Once the feedback earns trust, you can expand into patch artifacts, release workflows, and more advanced CI assistance.

Official References

Decision Checklist For Codex GitHub Action Tutorial

Use this guide as a decision filter before a sales call, trial, or migration plan. For Codex GitHub Action Tutorial, the practical question is whether the topic connects Codex GitHub Action, Codex CI, AI code review to a measurable workflow outcome. A good decision should improve delivery speed, quality, cost control, or operational confidence without creating hidden review, security, or migration work.

Generated changes survive code review with fewer rewrites, fewer broad diffs, and fewer style corrections.
The assistant understands multi-file context, tests, build failures, private repository rules, and local conventions.
Administrators can manage seats, data controls, policy settings, and usage visibility without blocking developers.

Pilot Plan

A useful pilot is small enough to finish quickly but realistic enough to expose integration, data, workflow, and pricing issues. Avoid demo-only tests. The trial should use real tasks, real constraints, and a baseline from the current process so the team can decide with evidence instead of impressions.

Give each candidate the same bug fix, failing-test repair, refactor, and explanation task.
Track accepted diffs, reviewer comments, rework time, test pass rate, and developer satisfaction.
Run the trial with senior maintainers and newer engineers because the value pattern is different for each group.

Metrics To Track

Track metrics that connect Codex GitHub Action Tutorial to outcomes a budget owner and an engineering owner can both understand. A tool can look impressive in a demo and still fail if usage is low, quality is uneven, or the cost model changes under real workload volume.

Accepted AI-assisted diffs, rejected suggestions, reviewer comments, and post-merge fixes.
Time to repair failing tests, explain unfamiliar modules, and complete safe refactors.
Seat utilization, premium request exhaustion, and policy exceptions for sensitive repositories.

Budget And Risk Review

Commercially useful AI tooling decisions should include the subscription or API price, but they should also include support load, review time, observability, privacy controls, switching cost, and the cost of wrong or low-quality output. Treat the first estimate as a working model and update it with production evidence.

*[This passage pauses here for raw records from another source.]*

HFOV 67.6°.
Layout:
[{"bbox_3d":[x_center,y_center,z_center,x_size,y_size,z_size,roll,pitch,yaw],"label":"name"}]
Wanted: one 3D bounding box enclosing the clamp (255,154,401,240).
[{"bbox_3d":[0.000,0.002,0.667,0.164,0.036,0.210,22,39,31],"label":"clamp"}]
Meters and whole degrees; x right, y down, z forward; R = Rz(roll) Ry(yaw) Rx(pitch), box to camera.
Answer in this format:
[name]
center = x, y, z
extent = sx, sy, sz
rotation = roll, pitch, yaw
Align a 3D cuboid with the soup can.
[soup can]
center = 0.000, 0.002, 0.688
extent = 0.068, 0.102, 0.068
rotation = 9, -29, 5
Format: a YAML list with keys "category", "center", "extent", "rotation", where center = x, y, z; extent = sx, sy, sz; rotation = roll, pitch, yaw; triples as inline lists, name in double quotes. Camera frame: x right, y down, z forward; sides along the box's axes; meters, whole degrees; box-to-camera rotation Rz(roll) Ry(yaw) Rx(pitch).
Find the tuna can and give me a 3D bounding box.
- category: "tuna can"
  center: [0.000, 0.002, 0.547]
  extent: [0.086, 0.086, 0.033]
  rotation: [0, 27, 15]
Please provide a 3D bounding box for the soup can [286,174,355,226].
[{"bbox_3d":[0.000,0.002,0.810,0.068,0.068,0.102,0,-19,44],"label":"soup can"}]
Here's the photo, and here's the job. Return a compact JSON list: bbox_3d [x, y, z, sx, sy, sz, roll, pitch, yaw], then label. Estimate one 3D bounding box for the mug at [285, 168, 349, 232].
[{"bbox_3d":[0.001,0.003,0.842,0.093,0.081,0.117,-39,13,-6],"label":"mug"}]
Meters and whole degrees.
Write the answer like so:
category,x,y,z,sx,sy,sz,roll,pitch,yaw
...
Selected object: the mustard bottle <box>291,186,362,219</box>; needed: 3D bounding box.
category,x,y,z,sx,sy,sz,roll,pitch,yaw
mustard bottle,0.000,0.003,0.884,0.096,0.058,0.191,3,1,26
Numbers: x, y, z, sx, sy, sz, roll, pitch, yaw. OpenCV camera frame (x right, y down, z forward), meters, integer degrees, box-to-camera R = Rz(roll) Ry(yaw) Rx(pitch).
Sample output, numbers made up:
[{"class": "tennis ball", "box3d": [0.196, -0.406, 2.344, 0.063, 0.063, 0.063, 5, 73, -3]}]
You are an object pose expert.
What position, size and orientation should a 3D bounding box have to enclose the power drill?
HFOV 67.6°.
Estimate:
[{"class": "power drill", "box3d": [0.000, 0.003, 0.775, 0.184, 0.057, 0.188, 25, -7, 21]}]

Confirm private code handling, training opt-out, data retention, and enterprise policy controls.
Watch for over-generation: large patches that look productive but increase review cost.
Compare cost per accepted change rather than cost per seat alone.

Revisit the assistant after 30 days of real pull requests. A useful coding tool should reduce review latency and onboarding friction without increasing risky generated code.